Sydney est un adolescent adressé au CPCT pour des « mauvais comportements » en classe. Il est souvent exclu de cours car il perturbe le fonctionnement de la classe. La mère, violentée par la père durant de nombreuses années, va mieux et a refait sa vie avec un homme qui la respecte et que Sydney nomme son beau-père. Le couple exprime cependant leur exaspération vis-à-vis des problèmes de discipline. Ils espèrent que la venue au CPCT fera changer les choses.
Lors de notre première rencontre Sydney rapporte de grandes difficultés de concentration. Ceci l’empêche d’exploiter ses capacités, mais de toute manière il ne s’aime pas beaucoup alors : « à quoi bon ? ». C’est plus fort que lui, il « fait le clown ». Je perçois une fonction que l’adolescent s’assigne « de distraire l’Autre ». Il n’aime pas « voir les gens malheureux », comme l’a été sa propre mère, ayant subi les mauvais traitements du père.

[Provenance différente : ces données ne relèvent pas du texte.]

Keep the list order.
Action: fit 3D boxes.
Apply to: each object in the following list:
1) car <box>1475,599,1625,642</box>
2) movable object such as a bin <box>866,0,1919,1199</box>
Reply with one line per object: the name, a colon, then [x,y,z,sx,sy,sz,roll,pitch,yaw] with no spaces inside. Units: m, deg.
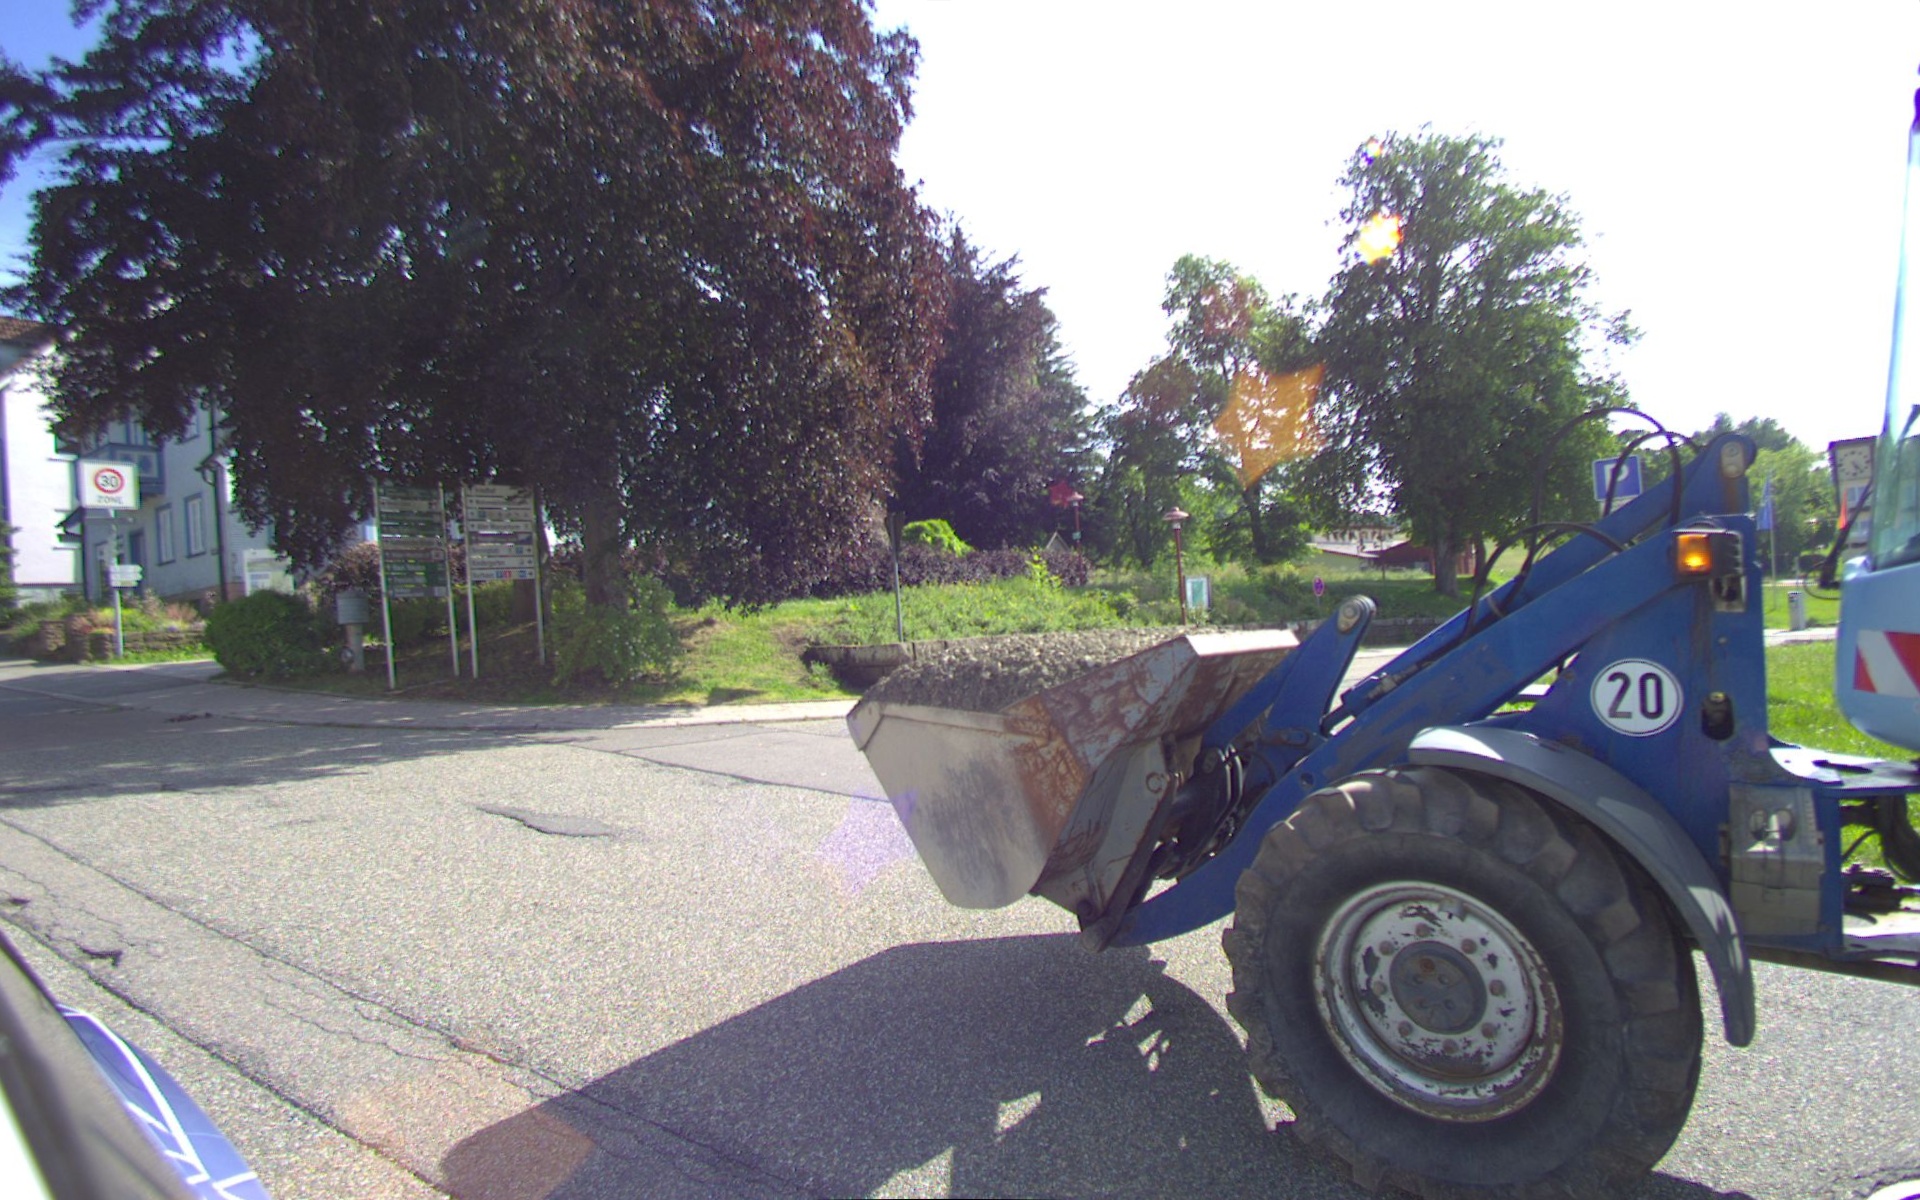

Comment faire pour que Sydney s’approprie le dispositif analytique et opère un déplacement afin de formuler sa demande ? Nous ferons accueil à une question amenée en début de cycle qui divise le patient : quelle place occupe-t-il pour ce père violent désormais absent ? Il découvre alors une ambivalence à l’égard du père et s’étonne de ressentir un manque, malgré tout ce qu’il leur a fait subir à lui et sa mère. Il exprime alors des affects de tristesse, un premier effet de soulagement se produit. Cependant l’adolescent reste très anxieux, il ne dort pas, ressent une boule dans le ventre, n’arrive pas à manger, il est dans une activité permanente sans parvenir à se reposer. Nos interventions visent une limitation de la jouissance et l’accueil de la parole de l’adolescent qui dévoile sa souffrance. Quelques jours avant les vacances scolaires, un premier moment de bascule survient. Suite à un malaise, le masque tombe en classe, le « clown triste » se laisse aller et raconte son histoire à une camarade de classe qui l’accompagne à l’infirmerie. Malheureusement Le patient se heurte à de l’incompréhension de la part du reste de ses camarades qui croient déceler une façon de se rendre intéressant. Le patient exprime alors des idées suicidaires qui alertent tour à tour sa petite amie et la mère du patient. Nous recevons la mère et le patient au CPCT et les orientons vers les urgences. Finalement Sydney n’attentera pas à ses jours mais aura recours à des scarifications superficielles sur les avants-bras.
Le deuxième point de bascule au cours du cycle survient quelques semaines plus tard suite à la séparation avec cette même petite amie, celle-ci se venge en diffusant au lycée des photos d’automutilations que le patient avait pris de lui-même en selfie et lui avait envoyée. Le patient subit alors un déchaînement de violence au lycée, et se voit taxer de « manipulateur » et de « mythomane » par des camarades qui ont pris fait et cause pour l’adolescente éconduite. Le réel de la violence du père qu’a vécu Sydney fait retour au lycée et se répète. Nous accueillons la détresse du sujet au CPCT, qui ne souhaite plus retourner au lycée, et orientons les parents vers le proviseur du lycée qui intervient dans la classe. Nous soutenons également l’initiative des parents de limiter l’accès au téléphone portable qui était devenu un des vecteurs du harcèlement subi par le patient. Peu à peu la crise retombe, l’adolescent poursuit sa scolarité sans autre passage à l’acte. Il renoncera aux scarifications, et aux selfies. Il passera par la parole pour exprimer son mal-être et par l’usage des signifiants ; il y verra au final un moindre mal.